CONTROL's Process Automation Hall of Fame is in its third year of honoring outstanding professionals in the field. Members are drawn from the heavyweights in our industry--recognized significant contributors who have devoted their lives to the advancement and implementation of the craft.

This year's trio was selected from a list of worthy candidates nominated by editors, readers, CONTROL's editorial advisory board, and the current Hall of Famers. To help us select future members, we welcome suggestions from readers. If you know someone you believe should be in the Process Automation Hall of Fame, please let us know who and why.

This year we are pleased to add:

* Karl Astrom, a world-renowned educator and theoretician who resides in Sweden.

* Lynn Craig, president of Manufacturing Automation Associates, Medford, N.J., a longtime engineer with Rohm and Haas, and a batch control expert.

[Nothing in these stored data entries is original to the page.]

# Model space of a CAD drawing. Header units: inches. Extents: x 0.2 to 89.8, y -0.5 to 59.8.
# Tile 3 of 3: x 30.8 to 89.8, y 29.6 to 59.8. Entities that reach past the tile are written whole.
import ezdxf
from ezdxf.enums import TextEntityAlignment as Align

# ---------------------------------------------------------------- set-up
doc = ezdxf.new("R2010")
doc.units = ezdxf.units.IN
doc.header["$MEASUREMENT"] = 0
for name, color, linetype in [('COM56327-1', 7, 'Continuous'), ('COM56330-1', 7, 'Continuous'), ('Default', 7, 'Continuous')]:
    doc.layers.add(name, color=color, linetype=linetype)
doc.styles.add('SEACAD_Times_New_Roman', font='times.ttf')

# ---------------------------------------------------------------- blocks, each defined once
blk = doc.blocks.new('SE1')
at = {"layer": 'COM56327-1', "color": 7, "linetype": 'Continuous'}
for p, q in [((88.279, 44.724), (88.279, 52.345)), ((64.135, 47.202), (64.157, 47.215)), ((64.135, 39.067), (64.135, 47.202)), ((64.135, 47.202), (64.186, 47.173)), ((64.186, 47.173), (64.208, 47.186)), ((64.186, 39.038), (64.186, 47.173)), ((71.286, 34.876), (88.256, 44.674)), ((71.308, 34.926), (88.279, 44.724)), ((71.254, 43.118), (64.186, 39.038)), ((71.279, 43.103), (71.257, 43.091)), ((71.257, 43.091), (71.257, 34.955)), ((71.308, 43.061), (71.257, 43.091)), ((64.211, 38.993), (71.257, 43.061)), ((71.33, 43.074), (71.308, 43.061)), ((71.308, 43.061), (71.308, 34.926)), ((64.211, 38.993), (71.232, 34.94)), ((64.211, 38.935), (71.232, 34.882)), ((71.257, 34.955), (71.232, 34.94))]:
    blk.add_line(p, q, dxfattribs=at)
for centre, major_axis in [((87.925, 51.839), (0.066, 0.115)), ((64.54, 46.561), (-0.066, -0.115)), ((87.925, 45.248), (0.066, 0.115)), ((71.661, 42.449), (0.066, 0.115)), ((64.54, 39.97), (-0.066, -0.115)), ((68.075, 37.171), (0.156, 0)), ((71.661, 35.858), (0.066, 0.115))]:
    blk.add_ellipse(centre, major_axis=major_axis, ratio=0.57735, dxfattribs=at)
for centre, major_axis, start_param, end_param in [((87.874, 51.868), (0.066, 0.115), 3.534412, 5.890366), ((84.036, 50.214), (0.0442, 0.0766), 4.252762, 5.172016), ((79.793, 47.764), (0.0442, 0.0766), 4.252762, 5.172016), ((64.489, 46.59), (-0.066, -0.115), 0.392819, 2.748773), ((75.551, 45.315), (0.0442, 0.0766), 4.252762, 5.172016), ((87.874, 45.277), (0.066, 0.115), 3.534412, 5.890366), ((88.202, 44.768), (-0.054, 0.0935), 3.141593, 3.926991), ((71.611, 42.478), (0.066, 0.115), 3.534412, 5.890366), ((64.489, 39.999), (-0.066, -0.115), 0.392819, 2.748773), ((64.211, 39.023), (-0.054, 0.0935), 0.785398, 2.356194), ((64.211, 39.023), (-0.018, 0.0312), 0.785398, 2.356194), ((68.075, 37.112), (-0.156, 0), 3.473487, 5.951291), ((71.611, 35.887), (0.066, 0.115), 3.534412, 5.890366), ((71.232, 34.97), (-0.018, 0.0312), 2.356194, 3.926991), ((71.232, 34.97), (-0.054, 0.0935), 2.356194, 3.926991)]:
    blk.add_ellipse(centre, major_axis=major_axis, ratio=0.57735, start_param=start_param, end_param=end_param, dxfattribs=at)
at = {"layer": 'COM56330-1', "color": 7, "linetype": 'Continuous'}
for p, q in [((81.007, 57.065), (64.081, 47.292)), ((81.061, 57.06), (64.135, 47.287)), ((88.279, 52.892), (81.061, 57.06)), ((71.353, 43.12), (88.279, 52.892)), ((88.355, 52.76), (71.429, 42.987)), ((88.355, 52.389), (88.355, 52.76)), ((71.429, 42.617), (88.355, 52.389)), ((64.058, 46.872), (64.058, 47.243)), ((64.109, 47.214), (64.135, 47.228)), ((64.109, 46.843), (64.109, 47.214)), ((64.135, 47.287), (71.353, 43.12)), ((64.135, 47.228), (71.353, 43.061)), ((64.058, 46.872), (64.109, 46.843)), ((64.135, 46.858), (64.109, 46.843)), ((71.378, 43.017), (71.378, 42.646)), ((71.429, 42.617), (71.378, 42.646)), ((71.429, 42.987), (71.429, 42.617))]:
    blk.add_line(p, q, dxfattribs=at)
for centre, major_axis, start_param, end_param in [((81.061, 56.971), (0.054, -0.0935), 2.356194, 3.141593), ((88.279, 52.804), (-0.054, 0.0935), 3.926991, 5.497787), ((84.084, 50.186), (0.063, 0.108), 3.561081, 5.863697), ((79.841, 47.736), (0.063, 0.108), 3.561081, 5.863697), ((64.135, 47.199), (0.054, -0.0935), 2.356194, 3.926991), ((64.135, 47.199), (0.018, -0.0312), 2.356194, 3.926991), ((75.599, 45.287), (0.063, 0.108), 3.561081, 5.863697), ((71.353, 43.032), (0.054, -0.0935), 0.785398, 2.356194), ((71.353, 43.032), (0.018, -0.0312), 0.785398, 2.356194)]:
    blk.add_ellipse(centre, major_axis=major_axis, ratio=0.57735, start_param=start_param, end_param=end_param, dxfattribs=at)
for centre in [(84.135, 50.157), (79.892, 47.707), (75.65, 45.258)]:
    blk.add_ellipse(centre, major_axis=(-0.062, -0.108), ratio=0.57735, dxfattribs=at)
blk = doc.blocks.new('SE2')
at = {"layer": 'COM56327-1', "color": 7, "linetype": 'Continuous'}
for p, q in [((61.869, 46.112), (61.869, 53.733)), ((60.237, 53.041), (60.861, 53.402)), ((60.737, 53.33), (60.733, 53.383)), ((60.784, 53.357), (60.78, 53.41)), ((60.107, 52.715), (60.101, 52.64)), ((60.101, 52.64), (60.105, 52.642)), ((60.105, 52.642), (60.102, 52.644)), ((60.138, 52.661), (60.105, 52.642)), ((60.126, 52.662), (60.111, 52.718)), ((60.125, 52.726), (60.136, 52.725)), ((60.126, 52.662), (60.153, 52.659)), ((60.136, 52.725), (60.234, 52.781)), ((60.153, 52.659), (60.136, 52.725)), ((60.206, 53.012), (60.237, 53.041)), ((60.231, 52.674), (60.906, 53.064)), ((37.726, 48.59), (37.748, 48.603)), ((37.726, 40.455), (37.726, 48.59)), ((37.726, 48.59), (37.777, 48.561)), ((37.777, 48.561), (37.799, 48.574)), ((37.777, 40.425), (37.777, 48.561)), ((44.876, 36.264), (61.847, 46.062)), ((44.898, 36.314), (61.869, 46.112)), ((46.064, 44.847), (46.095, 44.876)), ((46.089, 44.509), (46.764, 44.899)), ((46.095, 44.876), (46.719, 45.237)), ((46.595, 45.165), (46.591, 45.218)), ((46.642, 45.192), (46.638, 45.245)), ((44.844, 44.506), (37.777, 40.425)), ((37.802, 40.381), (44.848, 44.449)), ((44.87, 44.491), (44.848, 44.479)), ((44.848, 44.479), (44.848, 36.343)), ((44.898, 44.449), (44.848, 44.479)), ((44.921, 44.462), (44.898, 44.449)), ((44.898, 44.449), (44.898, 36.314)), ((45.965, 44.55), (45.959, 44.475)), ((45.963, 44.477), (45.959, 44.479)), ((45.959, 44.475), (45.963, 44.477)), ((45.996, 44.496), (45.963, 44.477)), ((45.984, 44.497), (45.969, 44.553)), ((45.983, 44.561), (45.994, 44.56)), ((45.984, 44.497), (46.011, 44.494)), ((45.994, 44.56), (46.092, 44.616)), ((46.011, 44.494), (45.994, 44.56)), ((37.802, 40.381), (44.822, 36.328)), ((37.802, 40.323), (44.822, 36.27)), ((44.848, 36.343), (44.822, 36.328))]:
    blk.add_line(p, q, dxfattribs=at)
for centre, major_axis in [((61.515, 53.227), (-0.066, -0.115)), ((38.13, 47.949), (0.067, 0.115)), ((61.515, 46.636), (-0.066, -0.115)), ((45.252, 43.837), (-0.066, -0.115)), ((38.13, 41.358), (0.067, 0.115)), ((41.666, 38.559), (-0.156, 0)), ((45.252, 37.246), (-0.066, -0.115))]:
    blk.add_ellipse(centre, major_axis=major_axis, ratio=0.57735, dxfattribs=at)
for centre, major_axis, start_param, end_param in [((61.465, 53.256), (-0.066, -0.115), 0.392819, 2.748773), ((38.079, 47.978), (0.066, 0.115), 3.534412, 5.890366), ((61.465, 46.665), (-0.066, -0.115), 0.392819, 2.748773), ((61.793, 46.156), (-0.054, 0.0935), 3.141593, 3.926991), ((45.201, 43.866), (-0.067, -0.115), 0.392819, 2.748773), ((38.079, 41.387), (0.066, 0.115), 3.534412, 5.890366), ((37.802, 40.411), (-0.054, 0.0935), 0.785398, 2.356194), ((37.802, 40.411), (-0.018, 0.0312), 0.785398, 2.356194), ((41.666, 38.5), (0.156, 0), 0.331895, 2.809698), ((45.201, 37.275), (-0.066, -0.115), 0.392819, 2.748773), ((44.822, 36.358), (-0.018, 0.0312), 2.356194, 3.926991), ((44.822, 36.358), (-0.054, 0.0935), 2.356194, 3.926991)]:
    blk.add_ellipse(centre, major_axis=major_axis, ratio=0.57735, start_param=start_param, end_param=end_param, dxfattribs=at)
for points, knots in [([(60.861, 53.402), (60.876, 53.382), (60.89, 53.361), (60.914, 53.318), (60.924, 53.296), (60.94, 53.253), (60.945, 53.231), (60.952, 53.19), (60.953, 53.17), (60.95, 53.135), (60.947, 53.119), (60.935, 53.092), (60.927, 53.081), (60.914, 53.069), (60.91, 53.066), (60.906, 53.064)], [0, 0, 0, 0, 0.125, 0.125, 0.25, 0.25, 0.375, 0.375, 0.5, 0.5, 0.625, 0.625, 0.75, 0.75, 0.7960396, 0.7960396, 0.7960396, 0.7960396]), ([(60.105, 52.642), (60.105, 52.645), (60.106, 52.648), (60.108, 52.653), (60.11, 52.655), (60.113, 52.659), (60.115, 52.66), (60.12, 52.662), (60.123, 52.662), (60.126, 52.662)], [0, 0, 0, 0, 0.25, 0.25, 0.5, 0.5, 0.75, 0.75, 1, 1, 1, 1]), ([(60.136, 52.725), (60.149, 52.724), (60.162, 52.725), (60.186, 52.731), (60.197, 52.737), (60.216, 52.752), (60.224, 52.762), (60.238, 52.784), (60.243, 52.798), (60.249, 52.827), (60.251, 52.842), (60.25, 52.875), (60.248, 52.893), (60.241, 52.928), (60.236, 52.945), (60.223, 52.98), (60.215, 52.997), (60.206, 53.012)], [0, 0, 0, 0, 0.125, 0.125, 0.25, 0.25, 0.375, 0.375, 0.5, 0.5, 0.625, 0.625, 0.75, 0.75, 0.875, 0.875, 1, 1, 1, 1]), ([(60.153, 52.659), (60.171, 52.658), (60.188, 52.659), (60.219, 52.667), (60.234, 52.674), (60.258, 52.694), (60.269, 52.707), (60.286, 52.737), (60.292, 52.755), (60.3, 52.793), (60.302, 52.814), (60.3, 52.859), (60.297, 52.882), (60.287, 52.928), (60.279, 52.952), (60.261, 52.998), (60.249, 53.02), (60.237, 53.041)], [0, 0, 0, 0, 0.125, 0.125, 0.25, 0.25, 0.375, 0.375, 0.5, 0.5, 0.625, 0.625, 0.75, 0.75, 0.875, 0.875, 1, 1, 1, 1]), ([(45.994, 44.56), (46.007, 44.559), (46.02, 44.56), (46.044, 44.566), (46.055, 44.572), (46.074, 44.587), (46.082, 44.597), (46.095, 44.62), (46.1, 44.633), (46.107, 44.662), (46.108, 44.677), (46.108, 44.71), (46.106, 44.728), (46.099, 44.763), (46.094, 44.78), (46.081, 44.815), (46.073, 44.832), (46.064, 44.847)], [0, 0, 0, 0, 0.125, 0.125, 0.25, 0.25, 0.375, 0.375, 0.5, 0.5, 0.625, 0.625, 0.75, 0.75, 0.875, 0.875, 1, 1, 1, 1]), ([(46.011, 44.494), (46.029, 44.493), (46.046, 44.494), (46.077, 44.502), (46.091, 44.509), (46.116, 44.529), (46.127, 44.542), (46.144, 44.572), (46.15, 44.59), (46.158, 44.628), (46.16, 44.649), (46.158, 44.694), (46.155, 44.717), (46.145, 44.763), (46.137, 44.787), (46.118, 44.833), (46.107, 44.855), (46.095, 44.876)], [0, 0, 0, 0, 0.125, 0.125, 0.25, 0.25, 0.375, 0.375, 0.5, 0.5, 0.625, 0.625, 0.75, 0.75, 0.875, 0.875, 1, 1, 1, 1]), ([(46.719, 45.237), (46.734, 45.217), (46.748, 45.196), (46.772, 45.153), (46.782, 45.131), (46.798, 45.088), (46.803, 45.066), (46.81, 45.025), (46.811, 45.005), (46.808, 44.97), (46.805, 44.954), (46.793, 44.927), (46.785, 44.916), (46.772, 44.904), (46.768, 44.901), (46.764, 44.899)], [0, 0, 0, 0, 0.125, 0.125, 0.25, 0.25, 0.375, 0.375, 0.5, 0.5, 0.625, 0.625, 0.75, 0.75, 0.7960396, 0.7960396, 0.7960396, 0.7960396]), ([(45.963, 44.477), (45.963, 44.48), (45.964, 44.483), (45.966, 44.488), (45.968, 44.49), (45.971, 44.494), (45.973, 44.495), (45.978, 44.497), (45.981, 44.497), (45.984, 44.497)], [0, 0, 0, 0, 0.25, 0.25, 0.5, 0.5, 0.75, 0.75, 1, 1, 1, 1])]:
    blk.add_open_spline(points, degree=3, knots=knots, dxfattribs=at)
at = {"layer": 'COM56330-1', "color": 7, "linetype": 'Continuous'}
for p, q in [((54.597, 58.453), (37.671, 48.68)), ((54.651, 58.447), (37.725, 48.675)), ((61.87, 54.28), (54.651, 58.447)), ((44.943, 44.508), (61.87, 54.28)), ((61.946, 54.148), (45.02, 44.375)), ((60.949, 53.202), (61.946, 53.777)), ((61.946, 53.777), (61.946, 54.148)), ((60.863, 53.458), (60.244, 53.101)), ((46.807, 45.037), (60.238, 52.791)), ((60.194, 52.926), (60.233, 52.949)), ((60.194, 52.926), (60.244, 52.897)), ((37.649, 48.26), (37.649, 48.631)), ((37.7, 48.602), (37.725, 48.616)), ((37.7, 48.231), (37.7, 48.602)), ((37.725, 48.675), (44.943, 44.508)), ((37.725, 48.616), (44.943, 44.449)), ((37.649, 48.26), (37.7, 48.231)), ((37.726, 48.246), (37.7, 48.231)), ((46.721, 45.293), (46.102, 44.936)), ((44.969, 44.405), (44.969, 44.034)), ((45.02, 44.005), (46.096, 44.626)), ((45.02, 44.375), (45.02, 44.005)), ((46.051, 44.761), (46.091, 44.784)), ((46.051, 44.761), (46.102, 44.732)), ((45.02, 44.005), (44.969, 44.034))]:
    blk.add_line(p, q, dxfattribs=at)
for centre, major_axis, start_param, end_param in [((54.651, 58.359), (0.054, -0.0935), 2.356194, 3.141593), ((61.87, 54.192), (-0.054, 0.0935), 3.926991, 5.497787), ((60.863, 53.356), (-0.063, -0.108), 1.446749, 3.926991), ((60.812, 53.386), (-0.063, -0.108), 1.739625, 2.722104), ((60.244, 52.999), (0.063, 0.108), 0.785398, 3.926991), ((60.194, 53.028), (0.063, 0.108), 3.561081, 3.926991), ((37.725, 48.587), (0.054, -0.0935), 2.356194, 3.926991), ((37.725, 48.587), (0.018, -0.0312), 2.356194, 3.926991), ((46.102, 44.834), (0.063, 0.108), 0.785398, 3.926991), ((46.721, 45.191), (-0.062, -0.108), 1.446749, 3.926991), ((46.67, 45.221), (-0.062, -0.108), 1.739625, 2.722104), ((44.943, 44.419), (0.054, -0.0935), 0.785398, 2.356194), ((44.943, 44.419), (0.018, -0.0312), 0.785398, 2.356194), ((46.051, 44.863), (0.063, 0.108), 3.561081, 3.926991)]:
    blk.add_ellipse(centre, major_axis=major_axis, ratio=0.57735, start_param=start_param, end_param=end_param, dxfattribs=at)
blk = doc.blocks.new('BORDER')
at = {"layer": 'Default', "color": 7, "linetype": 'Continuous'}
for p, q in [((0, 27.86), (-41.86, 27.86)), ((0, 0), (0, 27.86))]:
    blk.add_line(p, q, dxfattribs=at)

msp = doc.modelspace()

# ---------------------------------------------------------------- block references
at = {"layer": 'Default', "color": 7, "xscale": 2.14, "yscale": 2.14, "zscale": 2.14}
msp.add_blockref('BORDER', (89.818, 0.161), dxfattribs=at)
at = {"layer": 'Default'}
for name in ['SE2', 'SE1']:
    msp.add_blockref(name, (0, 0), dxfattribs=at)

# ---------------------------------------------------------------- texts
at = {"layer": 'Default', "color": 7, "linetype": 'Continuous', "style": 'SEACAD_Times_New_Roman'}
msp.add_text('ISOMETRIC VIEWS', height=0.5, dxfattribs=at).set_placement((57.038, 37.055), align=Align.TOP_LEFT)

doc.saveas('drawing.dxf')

* Charles Cutler, a longtime process control engineer at Shell Oil Co. who created the Dynamic Matrix Control algorithm and then founded a company on that control concept.

Astrom's career is chronicled in the following story. Craig will be featured in the March issue, and Cutler in April.

Join us in appreciating the contribution these engineers have made to our careers and our lives.

Awards Ceremony at World Batch Forum

The formal presentation of our CONTROL Process Automation Hall of Fame plaques comes during an awards dinner the first evening of World Batch Forum. The 10th annual North American conference for those in batch manufacturing will be April 13-16 at the Hilton Woodcliff Lake, Woodcliff Lake, N.J.

The first day, a Sunday, opens with tutorials on ISA standards on batch control (S88) and standard manufacturing models and data exchange (S95) and ends with the CONTROL Hall of Fame dinner.

The forum gets rolling the next morning when Paul Baduini, vice president and director of engineering at Rohm and Haas Co., delivers the keynote on "Optimizing Manufacturing Strategy to Align With Changing Business Requirements." A keynote the following day is "Without Operations Agility, Manufacturers Cannot Profitably Meet Consumer Demand," from Roddy Martin, a vice president at AMR Research.

The three days are filled with tutorials, panel discussions, case studies, special sessions, and a table-top exhibit, all dedicated to improving batch processes. For more information, call 480/893-8803 or see http://www.wbf.org.

Karl Astrom

A Practical Theoretician

Ever wonder why Sweden has long been a leading source of paper-making technology? Karl Astrom is one big reason.

The Swedish engineer has been called the foremost process control theoretician in the world, creator of the best automated tuning method, and, through his long tenure in academia, teacher of some of the cream of the current crop of control engineers the world over.